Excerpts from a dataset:
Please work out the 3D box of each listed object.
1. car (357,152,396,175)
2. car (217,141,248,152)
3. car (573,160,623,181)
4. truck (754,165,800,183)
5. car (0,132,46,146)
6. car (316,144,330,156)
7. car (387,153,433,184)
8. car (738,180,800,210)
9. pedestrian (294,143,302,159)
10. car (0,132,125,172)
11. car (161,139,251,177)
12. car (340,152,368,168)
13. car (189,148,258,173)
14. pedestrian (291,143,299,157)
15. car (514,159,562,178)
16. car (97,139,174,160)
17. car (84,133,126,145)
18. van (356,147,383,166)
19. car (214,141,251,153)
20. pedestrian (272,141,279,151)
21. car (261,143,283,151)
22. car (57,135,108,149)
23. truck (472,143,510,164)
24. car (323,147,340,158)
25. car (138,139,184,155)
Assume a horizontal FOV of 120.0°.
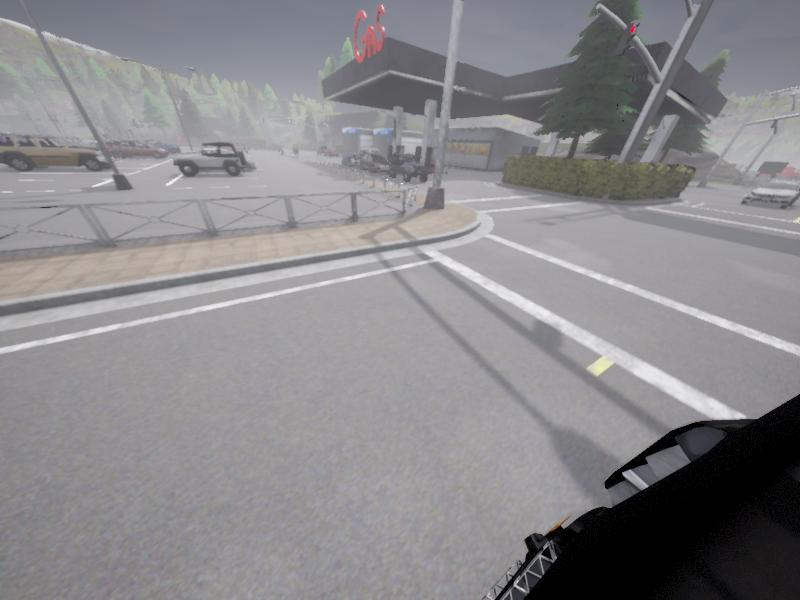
[{"bbox_3d":[-2.522,-13.940,23.557,2.033,1.649,4.856,-15,38,-25],"label":"car"},{"bbox_3d":[-31.980,-29.404,44.296,4.514,1.523,2.007,-16,38,-26],"label":"car"},{"bbox_3d":[24.588,-16.200,28.853,1.905,1.878,3.866,-16,38,-26],"label":"car"},{"bbox_3d":[71.018,-23.371,42.719,2.627,2.467,5.204,-15,38,-25],"label":"truck"},{"bbox_3d":[-54.560,-23.028,33.016,3.633,1.501,1.845,-16,38,-26],"label":"car"},{"bbox_3d":[-16.667,-32.449,50.000,1.905,1.878,3.866,-15,38,-25],"label":"car"},{"bbox_3d":[0.648,-10.818,18.881,1.905,1.878,3.866,-15,38,-25],"label":"car"},{"bbox_3d":[25.362,-7.189,15.593,4.674,1.442,1.812,-15,37,-26],"label":"car"},{"bbox_3d":[-15.309,-22.341,34.639,0.751,1.860,0.751,-16,38,-26],"label":"pedestrian"},{"bbox_3d":[-20.683,-8.877,13.925,4.605,1.855,1.932,-16,38,-26],"label":"car"},{"bbox_3d":[-12.228,-9.171,14.991,3.866,1.878,1.905,-16,38,-26],"label":"car"},{"bbox_3d":[-5.627,-17.043,28.108,1.970,1.475,3.806,-15,38,-25],"label":"car"},{"bbox_3d":[-13.358,-10.743,17.776,3.806,1.475,1.970,-16,38,-26],"label":"car"},{"bbox_3d":[-16.592,-23.631,36.475,0.751,1.860,0.751,-16,38,-26],"label":"pedestrian"},{"bbox_3d":[17.520,-16.847,29.573,2.242,1.667,4.611,-16,38,-26],"label":"car"},{"bbox_3d":[-26.248,-15.103,23.198,4.514,1.523,2.007,-16,38,-26],"label":"car"},{"bbox_3d":[-59.971,-32.729,47.043,4.605,1.855,1.932,-16,38,-26],"label":"car"},{"bbox_3d":[-4.305,-19.894,31.980,2.069,2.038,4.480,-15,38,-25],"label":"van"},{"bbox_3d":[-30.380,-27.859,42.084,5.027,1.636,2.152,-16,38,-26],"label":"car"},{"bbox_3d":[-29.636,-36.530,54.820,0.751,1.860,0.751,16,36,19],"label":"pedestrian"},{"bbox_3d":[-33.450,-40.069,60.499,4.792,1.488,2.163,-8,35,-16],"label":"car"},{"bbox_3d":[-46.647,-23.339,34.122,3.806,1.475,1.970,-16,38,-26],"label":"car"},{"bbox_3d":[22.096,-36.176,56.877,2.891,3.827,8.468,-15,38,-25],"label":"truck"},{"bbox_3d":[-13.488,-29.043,45.464,2.007,1.525,4.514,-15,38,-25],"label":"car"},{"bbox_3d":[-31.165,-20.084,30.330,3.633,1.501,1.845,-16,38,-26],"label":"car"}]

*ACTION ITEM*.
Restate the records word for word and drop the images.

*SOLUTION*.
Please work out the 3D box of each listed object.
1. car (357,152,396,175)
2. car (217,141,248,152)
3. car (573,160,623,181)
4. truck (754,165,800,183)
5. car (0,132,46,146)
6. car (316,144,330,156)
7. car (387,153,433,184)
8. car (738,180,800,210)
9. pedestrian (294,143,302,159)
10. car (0,132,125,172)
11. car (161,139,251,177)
12. car (340,152,368,168)
13. car (189,148,258,173)
14. pedestrian (291,143,299,157)
15. car (514,159,562,178)
16. car (97,139,174,160)
17. car (84,133,126,145)
18. van (356,147,383,166)
19. car (214,141,251,153)
20. pedestrian (272,141,279,151)
21. car (261,143,283,151)
22. car (57,135,108,149)
23. truck (472,143,510,164)
24. car (323,147,340,158)
25. car (138,139,184,155)
Assume a horizontal FOV of 120.0°.
[{"bbox_3d":[-2.522,-13.940,23.557,2.033,1.649,4.856,-15,38,-25],"label":"car"},{"bbox_3d":[-31.980,-29.404,44.296,4.514,1.523,2.007,-16,38,-26],"label":"car"},{"bbox_3d":[24.588,-16.200,28.853,1.905,1.878,3.866,-16,38,-26],"label":"car"},{"bbox_3d":[71.018,-23.371,42.719,2.627,2.467,5.204,-15,38,-25],"label":"truck"},{"bbox_3d":[-54.560,-23.028,33.016,3.633,1.501,1.845,-16,38,-26],"label":"car"},{"bbox_3d":[-16.667,-32.449,50.000,1.905,1.878,3.866,-15,38,-25],"label":"car"},{"bbox_3d":[0.648,-10.818,18.881,1.905,1.878,3.866,-15,38,-25],"label":"car"},{"bbox_3d":[25.362,-7.189,15.593,4.674,1.442,1.812,-15,37,-26],"label":"car"},{"bbox_3d":[-15.309,-22.341,34.639,0.751,1.860,0.751,-16,38,-26],"label":"pedestrian"},{"bbox_3d":[-20.683,-8.877,13.925,4.605,1.855,1.932,-16,38,-26],"label":"car"},{"bbox_3d":[-12.228,-9.171,14.991,3.866,1.878,1.905,-16,38,-26],"label":"car"},{"bbox_3d":[-5.627,-17.043,28.108,1.970,1.475,3.806,-15,38,-25],"label":"car"},{"bbox_3d":[-13.358,-10.743,17.776,3.806,1.475,1.970,-16,38,-26],"label":"car"},{"bbox_3d":[-16.592,-23.631,36.475,0.751,1.860,0.751,-16,38,-26],"label":"pedestrian"},{"bbox_3d":[17.520,-16.847,29.573,2.242,1.667,4.611,-16,38,-26],"label":"car"},{"bbox_3d":[-26.248,-15.103,23.198,4.514,1.523,2.007,-16,38,-26],"label":"car"},{"bbox_3d":[-59.971,-32.729,47.043,4.605,1.855,1.932,-16,38,-26],"label":"car"},{"bbox_3d":[-4.305,-19.894,31.980,2.069,2.038,4.480,-15,38,-25],"label":"van"},{"bbox_3d":[-30.380,-27.859,42.084,5.027,1.636,2.152,-16,38,-26],"label":"car"},{"bbox_3d":[-29.636,-36.530,54.820,0.751,1.860,0.751,16,36,19],"label":"pedestrian"},{"bbox_3d":[-33.450,-40.069,60.499,4.792,1.488,2.163,-8,35,-16],"label":"car"},{"bbox_3d":[-46.647,-23.339,34.122,3.806,1.475,1.970,-16,38,-26],"label":"car"},{"bbox_3d":[22.096,-36.176,56.877,2.891,3.827,8.468,-15,38,-25],"label":"truck"},{"bbox_3d":[-13.488,-29.043,45.464,2.007,1.525,4.514,-15,38,-25],"label":"car"},{"bbox_3d":[-31.165,-20.084,30.330,3.633,1.501,1.845,-16,38,-26],"label":"car"}]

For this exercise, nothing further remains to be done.